**What the task asks:**
Start to finish, return the listing below exactly, pictures excluded.
^^^^
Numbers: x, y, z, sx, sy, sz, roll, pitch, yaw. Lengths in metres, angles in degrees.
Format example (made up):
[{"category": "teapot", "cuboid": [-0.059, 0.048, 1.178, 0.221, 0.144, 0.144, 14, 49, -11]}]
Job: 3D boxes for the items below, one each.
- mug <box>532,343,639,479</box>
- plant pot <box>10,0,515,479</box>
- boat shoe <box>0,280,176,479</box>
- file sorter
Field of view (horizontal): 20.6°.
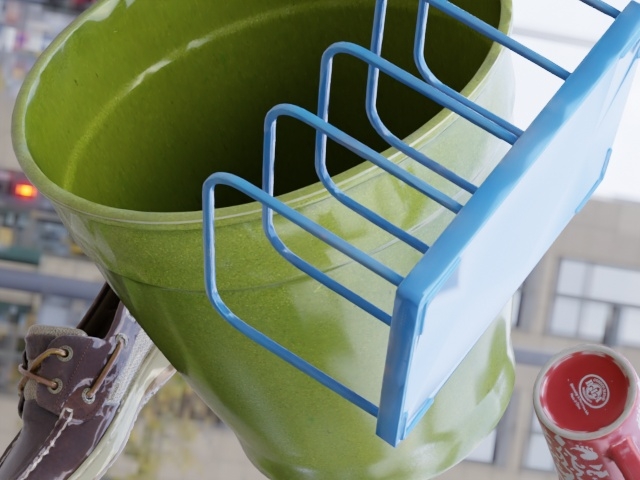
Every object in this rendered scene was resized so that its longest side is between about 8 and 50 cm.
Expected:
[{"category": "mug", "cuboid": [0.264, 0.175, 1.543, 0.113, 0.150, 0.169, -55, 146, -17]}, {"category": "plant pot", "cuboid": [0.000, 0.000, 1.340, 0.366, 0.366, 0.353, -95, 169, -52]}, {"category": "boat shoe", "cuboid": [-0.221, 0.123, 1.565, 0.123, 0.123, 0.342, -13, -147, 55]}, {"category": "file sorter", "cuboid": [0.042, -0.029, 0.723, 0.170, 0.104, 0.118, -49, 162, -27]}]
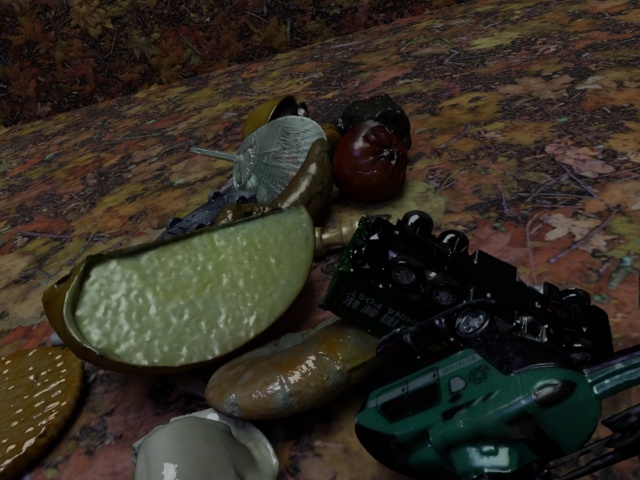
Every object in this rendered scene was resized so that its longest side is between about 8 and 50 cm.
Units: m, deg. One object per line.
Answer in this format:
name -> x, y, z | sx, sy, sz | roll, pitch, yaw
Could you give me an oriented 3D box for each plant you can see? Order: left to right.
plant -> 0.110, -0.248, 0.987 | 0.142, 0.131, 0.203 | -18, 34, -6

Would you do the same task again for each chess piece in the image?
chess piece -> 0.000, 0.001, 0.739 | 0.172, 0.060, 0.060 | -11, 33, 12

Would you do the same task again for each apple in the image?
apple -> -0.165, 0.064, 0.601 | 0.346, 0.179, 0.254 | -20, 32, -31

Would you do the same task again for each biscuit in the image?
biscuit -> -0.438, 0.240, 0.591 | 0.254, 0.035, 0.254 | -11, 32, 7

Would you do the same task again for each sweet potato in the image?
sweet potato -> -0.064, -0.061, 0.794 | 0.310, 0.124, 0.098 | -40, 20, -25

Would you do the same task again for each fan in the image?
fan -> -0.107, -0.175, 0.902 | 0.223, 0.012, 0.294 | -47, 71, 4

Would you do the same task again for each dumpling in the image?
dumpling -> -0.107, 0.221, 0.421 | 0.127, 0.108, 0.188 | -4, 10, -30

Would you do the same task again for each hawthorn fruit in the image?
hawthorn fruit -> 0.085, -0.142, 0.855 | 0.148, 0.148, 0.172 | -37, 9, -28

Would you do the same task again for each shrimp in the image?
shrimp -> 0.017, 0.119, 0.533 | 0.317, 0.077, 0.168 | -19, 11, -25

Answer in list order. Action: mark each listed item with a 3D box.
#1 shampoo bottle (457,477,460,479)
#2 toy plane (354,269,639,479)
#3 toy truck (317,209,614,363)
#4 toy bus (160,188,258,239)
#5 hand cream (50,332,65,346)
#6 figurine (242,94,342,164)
^^^^
**Solution below:**
Numbers: x, y, z, sx, sy, sz, roll, pitch, yaw. Lengths in metres, angles in degrees.
Format example (made up):
[{"category": "teapot", "cuboid": [-0.059, 0.048, 1.178, 0.221, 0.144, 0.144, 14, 49, -11]}]
Job: 3D boxes for the items below, one each.
- mug <box>532,343,639,479</box>
- plant pot <box>10,0,515,479</box>
- boat shoe <box>0,280,176,479</box>
- file sorter
Field of view (horizontal): 20.6°.
Every object in this rendered scene was resized so that its longest side is between about 8 and 50 cm.
Expected:
[{"category": "mug", "cuboid": [0.264, 0.175, 1.543, 0.113, 0.150, 0.169, -55, 146, -17]}, {"category": "plant pot", "cuboid": [0.000, 0.000, 1.340, 0.366, 0.366, 0.353, -95, 169, -52]}, {"category": "boat shoe", "cuboid": [-0.221, 0.123, 1.565, 0.123, 0.123, 0.342, -13, -147, 55]}, {"category": "file sorter", "cuboid": [0.042, -0.029, 0.723, 0.170, 0.104, 0.118, -49, 162, -27]}]
Every object in this rendered scene was resized so that its longest side is between about 8 and 50 cm.
Units: m, deg. One object per line.
Answer in this format:
name -> x, y, z | sx, sy, sz | roll, pitch, yaw
Could you give me an oriented 3D box for each plant you can see? Order: left to right.
plant -> 0.110, -0.248, 0.987 | 0.142, 0.131, 0.203 | -18, 34, -6

Would you do the same task again for each chess piece in the image?
chess piece -> 0.000, 0.001, 0.739 | 0.172, 0.060, 0.060 | -11, 33, 12

Would you do the same task again for each apple in the image?
apple -> -0.165, 0.064, 0.601 | 0.346, 0.179, 0.254 | -20, 32, -31

Would you do the same task again for each biscuit in the image?
biscuit -> -0.438, 0.240, 0.591 | 0.254, 0.035, 0.254 | -11, 32, 7

Would you do the same task again for each sweet potato in the image?
sweet potato -> -0.064, -0.061, 0.794 | 0.310, 0.124, 0.098 | -40, 20, -25

Would you do the same task again for each fan in the image?
fan -> -0.107, -0.175, 0.902 | 0.223, 0.012, 0.294 | -47, 71, 4

Would you do the same task again for each dumpling in the image?
dumpling -> -0.107, 0.221, 0.421 | 0.127, 0.108, 0.188 | -4, 10, -30

Would you do the same task again for each hawthorn fruit in the image?
hawthorn fruit -> 0.085, -0.142, 0.855 | 0.148, 0.148, 0.172 | -37, 9, -28

Would you do the same task again for each shrimp in the image?
shrimp -> 0.017, 0.119, 0.533 | 0.317, 0.077, 0.168 | -19, 11, -25

Answer in list order. Action: mark each listed item with a 3D box.
#1 shampoo bottle (457,477,460,479)
#2 toy plane (354,269,639,479)
#3 toy truck (317,209,614,363)
#4 toy bus (160,188,258,239)
#5 hand cream (50,332,65,346)
#6 figurine (242,94,342,164)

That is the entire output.